I mean, not to mention all of the random shit I pay for that bitch, with all of the money I’ve been getting lately between disability, financial aid, and work.
So, we’re basically to the present now. There isn’t much detail to fill in after that besides that life is pretty fucking great and Bri is pretty fucking great, from then to now, the middle of Year of Our Lord, 2018. Which takes us to the crux of this whole ass speech I’ve been going on.
Now you two know my life-story. What I wanna know, now that we’re all open and drunk here, is your fucking thoughts on if I’d be making the best, or the worst, decision of my life if I asked her to hitch with me. I’ll be fucking real; I don’t fucking know what it’s like to make a good choice besides like, I don’t know, where to buy my graphics cards.”
I watch the two shitfaces in front of me process what the fuck I just said. Elena brightens like the Irish daisy she is, pressing her hands together, abso-fucking-lutely wiggling in her seat. Her purple scarf slides off the back of the chair in the process. Ethan is still stretched out across the whole damned table like he’s gonna pass out, with the dopiest smile stretching across his face, but as usual, he’s the ‘loud’ one of the two and starts to talk over Elena’s vague ‘Oh… oh…!’
“Dude? That’s… that’s great. That’s really fucking great. I… Man. Fucking, just fucking go for—”
“So are we just a homeless shelter now, or like, is this a reverse Alcoholics Anonymous?” The door slams shut, Luke is rushing off of the couch, and all four of us are just JEERING (barking) Bri’s name back at her, like it makes it fucking better that these idiots are still in the apartment.
“I was thinking homeless shelter and giving them the living room.”
“Cool. Maybe the floor’ll delay Ethan breaking his back another day.”
“Hey… hey, man. I ain’t that old.”
“Oh! Don’t say that - what if it does happen?”
Twiddle Gray and Twiddle Orange are both looking at me funny right now, considering what was cut into, and Bri is starting to pick that up as she’s putting her keys and shit away.
“So! What were you all talking about? Are you finally leaving me?”
“Food, actually. We were thinking that Himalayan place you like. They can eat the basic bitch shit, I was gonna grab us fried okra and tandoori.”
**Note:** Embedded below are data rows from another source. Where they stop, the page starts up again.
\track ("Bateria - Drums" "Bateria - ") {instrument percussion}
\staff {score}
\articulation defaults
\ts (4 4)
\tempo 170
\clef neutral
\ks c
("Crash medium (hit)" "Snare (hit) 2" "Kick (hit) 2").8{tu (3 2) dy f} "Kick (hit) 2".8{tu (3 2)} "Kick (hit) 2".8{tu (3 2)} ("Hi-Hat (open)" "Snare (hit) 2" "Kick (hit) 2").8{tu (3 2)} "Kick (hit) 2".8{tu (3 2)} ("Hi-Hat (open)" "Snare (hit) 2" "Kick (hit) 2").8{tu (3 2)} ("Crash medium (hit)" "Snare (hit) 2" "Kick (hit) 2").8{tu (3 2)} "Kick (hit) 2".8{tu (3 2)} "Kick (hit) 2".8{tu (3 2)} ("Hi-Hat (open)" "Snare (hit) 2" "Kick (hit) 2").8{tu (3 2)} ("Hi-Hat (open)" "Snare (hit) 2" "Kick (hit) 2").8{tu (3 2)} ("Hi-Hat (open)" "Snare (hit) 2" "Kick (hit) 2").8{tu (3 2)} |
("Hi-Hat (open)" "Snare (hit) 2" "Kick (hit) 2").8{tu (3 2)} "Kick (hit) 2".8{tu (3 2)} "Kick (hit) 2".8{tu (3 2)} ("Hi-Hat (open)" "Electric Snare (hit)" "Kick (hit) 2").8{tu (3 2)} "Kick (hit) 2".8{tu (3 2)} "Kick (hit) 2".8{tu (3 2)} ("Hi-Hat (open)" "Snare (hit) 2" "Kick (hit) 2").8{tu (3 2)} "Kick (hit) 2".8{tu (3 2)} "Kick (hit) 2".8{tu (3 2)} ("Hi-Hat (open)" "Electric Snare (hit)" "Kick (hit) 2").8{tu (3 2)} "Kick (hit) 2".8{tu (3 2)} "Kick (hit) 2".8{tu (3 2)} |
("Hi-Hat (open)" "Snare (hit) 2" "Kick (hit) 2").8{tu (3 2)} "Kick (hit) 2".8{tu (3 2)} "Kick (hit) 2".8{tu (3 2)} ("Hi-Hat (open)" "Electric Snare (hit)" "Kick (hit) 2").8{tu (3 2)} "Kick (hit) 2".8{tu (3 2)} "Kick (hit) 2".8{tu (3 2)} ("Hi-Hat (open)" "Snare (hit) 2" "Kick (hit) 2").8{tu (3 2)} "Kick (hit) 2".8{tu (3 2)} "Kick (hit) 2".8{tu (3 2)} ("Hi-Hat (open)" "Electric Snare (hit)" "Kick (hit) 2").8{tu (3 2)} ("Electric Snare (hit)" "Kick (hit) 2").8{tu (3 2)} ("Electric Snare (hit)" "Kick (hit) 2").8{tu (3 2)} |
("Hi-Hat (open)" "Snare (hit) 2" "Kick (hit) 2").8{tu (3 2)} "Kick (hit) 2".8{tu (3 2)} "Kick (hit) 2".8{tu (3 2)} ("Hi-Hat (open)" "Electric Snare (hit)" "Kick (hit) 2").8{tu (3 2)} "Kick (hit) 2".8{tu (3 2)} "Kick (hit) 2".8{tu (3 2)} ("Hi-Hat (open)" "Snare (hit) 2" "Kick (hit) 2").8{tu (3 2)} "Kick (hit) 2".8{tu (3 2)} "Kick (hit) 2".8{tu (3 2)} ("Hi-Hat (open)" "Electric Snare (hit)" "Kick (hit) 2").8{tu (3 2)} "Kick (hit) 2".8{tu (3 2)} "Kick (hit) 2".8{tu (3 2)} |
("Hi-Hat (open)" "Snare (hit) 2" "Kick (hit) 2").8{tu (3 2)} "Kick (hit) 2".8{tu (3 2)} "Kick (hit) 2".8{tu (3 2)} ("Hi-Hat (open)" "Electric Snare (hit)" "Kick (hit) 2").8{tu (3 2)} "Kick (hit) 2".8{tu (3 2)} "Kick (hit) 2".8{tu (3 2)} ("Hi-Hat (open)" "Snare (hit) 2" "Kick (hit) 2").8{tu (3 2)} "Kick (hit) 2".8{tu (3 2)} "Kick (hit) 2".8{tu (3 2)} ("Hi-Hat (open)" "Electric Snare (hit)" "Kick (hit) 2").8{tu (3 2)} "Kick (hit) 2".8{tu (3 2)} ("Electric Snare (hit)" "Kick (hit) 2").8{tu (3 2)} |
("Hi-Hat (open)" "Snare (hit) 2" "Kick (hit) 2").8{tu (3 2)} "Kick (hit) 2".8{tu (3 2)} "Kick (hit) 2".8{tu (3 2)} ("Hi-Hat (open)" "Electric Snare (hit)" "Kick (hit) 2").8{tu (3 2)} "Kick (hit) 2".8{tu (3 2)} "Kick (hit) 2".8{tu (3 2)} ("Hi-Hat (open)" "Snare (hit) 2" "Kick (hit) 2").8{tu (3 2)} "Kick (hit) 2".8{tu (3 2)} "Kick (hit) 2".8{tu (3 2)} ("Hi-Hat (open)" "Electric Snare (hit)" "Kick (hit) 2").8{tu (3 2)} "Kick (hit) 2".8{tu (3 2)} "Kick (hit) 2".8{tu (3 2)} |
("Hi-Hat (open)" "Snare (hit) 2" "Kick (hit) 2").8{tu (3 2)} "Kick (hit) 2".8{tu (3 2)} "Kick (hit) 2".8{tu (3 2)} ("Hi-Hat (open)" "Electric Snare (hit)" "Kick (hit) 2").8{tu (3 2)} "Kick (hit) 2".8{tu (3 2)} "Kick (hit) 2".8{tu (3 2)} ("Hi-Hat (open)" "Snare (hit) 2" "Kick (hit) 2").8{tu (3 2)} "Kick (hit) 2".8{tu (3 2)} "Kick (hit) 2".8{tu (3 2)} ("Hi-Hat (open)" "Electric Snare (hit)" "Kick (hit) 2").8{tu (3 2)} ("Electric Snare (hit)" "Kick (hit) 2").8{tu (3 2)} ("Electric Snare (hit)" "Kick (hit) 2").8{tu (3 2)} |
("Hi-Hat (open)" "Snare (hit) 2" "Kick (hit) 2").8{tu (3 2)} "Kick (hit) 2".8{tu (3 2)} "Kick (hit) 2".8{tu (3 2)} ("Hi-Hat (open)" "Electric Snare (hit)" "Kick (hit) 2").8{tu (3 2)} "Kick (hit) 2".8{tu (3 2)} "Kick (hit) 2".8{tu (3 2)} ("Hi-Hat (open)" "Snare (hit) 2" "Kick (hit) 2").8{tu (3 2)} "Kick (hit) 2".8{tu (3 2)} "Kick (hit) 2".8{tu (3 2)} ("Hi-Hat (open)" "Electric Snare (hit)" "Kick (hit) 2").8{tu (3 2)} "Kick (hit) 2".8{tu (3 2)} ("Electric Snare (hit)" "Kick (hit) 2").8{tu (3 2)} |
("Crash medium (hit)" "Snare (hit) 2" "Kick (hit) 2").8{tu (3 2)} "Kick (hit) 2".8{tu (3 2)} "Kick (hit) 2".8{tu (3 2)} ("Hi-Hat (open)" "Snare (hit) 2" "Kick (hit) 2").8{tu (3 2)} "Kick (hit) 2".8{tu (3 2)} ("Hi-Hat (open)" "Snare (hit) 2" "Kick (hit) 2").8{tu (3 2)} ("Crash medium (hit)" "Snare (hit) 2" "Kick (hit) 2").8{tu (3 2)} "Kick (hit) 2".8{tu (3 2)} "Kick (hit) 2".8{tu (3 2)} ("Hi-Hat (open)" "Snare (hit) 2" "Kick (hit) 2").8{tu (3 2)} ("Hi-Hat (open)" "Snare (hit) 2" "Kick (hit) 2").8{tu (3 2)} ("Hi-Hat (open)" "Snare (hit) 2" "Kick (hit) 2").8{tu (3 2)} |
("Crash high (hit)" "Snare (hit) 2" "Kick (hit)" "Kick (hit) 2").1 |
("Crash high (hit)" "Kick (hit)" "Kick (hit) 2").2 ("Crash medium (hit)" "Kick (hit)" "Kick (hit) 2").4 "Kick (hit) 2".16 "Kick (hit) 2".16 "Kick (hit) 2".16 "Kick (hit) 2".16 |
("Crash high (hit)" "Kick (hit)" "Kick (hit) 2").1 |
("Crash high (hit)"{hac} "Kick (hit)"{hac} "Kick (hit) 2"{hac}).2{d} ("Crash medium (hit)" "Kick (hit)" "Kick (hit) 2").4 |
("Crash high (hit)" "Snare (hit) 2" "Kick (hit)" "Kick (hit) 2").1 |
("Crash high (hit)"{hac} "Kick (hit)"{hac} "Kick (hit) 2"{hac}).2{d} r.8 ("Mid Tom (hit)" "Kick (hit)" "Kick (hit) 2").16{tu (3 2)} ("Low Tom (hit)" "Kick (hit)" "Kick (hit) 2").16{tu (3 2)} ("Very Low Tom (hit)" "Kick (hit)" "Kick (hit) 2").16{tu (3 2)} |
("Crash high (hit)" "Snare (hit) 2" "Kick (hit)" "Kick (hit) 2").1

“I hope you aren’t expecting me to pick my ass up from the couch, now. That shit, ain’t happening. Long day working with by-the-book dunderfucks.”
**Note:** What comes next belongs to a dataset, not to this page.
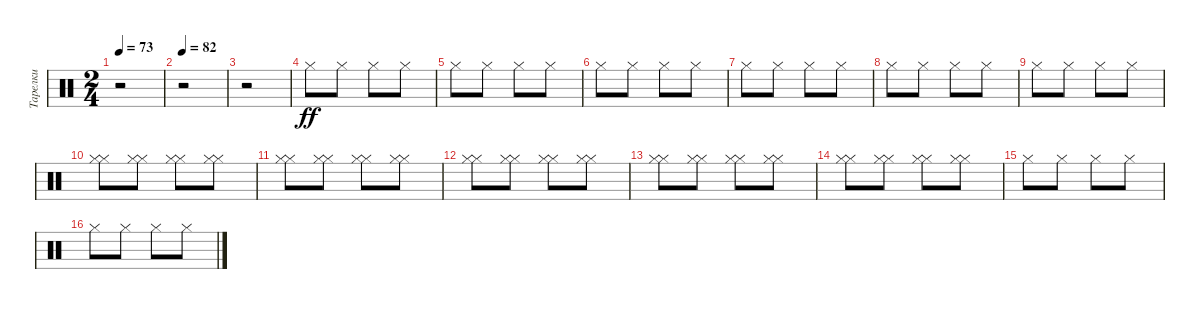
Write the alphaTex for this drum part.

The Twiddles give each a look, then, and then Ethan launches in.
“Nah… naaaaah. You know what? You sit there. You hang out. The three of us will walk down, sober up.”
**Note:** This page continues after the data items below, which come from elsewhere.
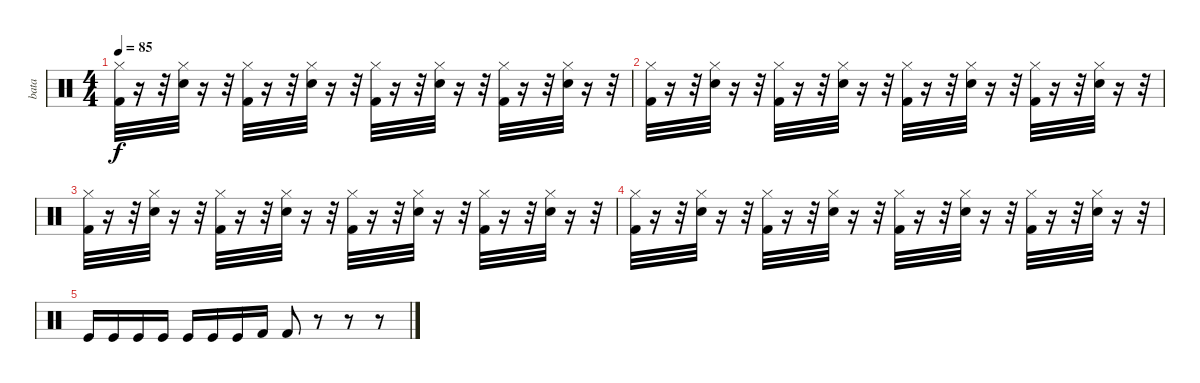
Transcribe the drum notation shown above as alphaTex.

\track ("bata" "bata") {instrument percussion}
\staff {score}
\articulation defaults
\ts (4 4)
\tempo 85
\clef neutral
\ks c
("Hi-Hat (closed)" "Kick (hit) 2").32{dy f} r.16 r.32 ("Hi-Hat (closed)" "Electric Snare (hit)").32 r.16 r.32 ("Hi-Hat (closed)" "Kick (hit) 2").32 r.16 r.32 ("Hi-Hat (closed)" "Electric Snare (hit)").32 r.16 r.32 ("Hi-Hat (closed)" "Kick (hit) 2").32 r.16 r.32 ("Hi-Hat (closed)" "Electric Snare (hit)").32 r.16 r.32 ("Hi-Hat (closed)" "Kick (hit) 2").32 r.16 r.32 ("Hi-Hat (closed)" "Electric Snare (hit)").32 r.16 r.32 |
("Hi-Hat (closed)" "Kick (hit) 2").32 r.16 r.32 ("Hi-Hat (closed)" "Electric Snare (hit)").32 r.16 r.32 ("Hi-Hat (closed)" "Kick (hit) 2").32 r.16 r.32 ("Hi-Hat (closed)" "Electric Snare (hit)").32 r.16 r.32 ("Hi-Hat (closed)" "Kick (hit) 2").32 r.16 r.32 ("Hi-Hat (closed)" "Electric Snare (hit)").32 r.16 r.32 ("Hi-Hat (closed)" "Kick (hit) 2").32 r.16 r.32 ("Hi-Hat (closed)" "Electric Snare (hit)").32 r.16 r.32 |
("Hi-Hat (closed)" "Kick (hit) 2").32 r.16 r.32 ("Hi-Hat (closed)" "Electric Snare (hit)").32 r.16 r.32 ("Hi-Hat (closed)" "Kick (hit) 2").32 r.16 r.32 ("Hi-Hat (closed)" "Electric Snare (hit)").32 r.16 r.32 ("Hi-Hat (closed)" "Kick (hit) 2").32 r.16 r.32 ("Hi-Hat (closed)" "Electric Snare (hit)").32 r.16 r.32 ("Hi-Hat (closed)" "Kick (hit) 2").32 r.16 r.32 ("Hi-Hat (closed)" "Electric Snare (hit)").32 r.16 r.32 |
("Hi-Hat (closed)" "Kick (hit) 2").32 r.16 r.32 ("Hi-Hat (closed)" "Electric Snare (hit)").32 r.16 r.32 ("Hi-Hat (closed)" "Kick (hit) 2").32 r.16 r.32 ("Hi-Hat (closed)" "Electric Snare (hit)").32 r.16 r.32 ("Hi-Hat (closed)" "Kick (hit) 2").32 r.16 r.32 ("Hi-Hat (closed)" "Electric Snare (hit)").32 r.16 r.32 ("Hi-Hat (closed)" "Kick (hit) 2").32 r.16 r.32 ("Hi-Hat (closed)" "Electric Snare (hit)").32 r.16 r.32 |
"Kick (hit)".16 "Kick (hit)".16 "Kick (hit)".16 "Kick (hit)".16 "Kick (hit)".16 "Kick (hit)".16 "Kick (hit)".16 "Kick (hit) 2".16 "Kick (hit) 2".8 r.8 r.8 r.8

“With how you made my fucking apartment smell, not sure if that’s gonna happen. But ‘kay. Have fun, leave me all alone. After I just came back from work. A l o n e.”
The three of us are already draining our waters and grabbing our jackets and wallets. I push Elena towards the door and Ethan is right after her as I shoot back at her,
“Shut the fuck up, you whiny bitch. Thirty minutes. You’d be spending it ignoring us and doing your shitty Buzzfeed quizzes anyway.”
“I mean - you’re right. But you’re still leaving me alone. Shit friends. Shit girlfriend,” she sighs, “What a shit life.”
Elena is the one pushing me through the door now by my arm, forcing me and Ethan’s fat asses into the hallway as she tries to assure Bri.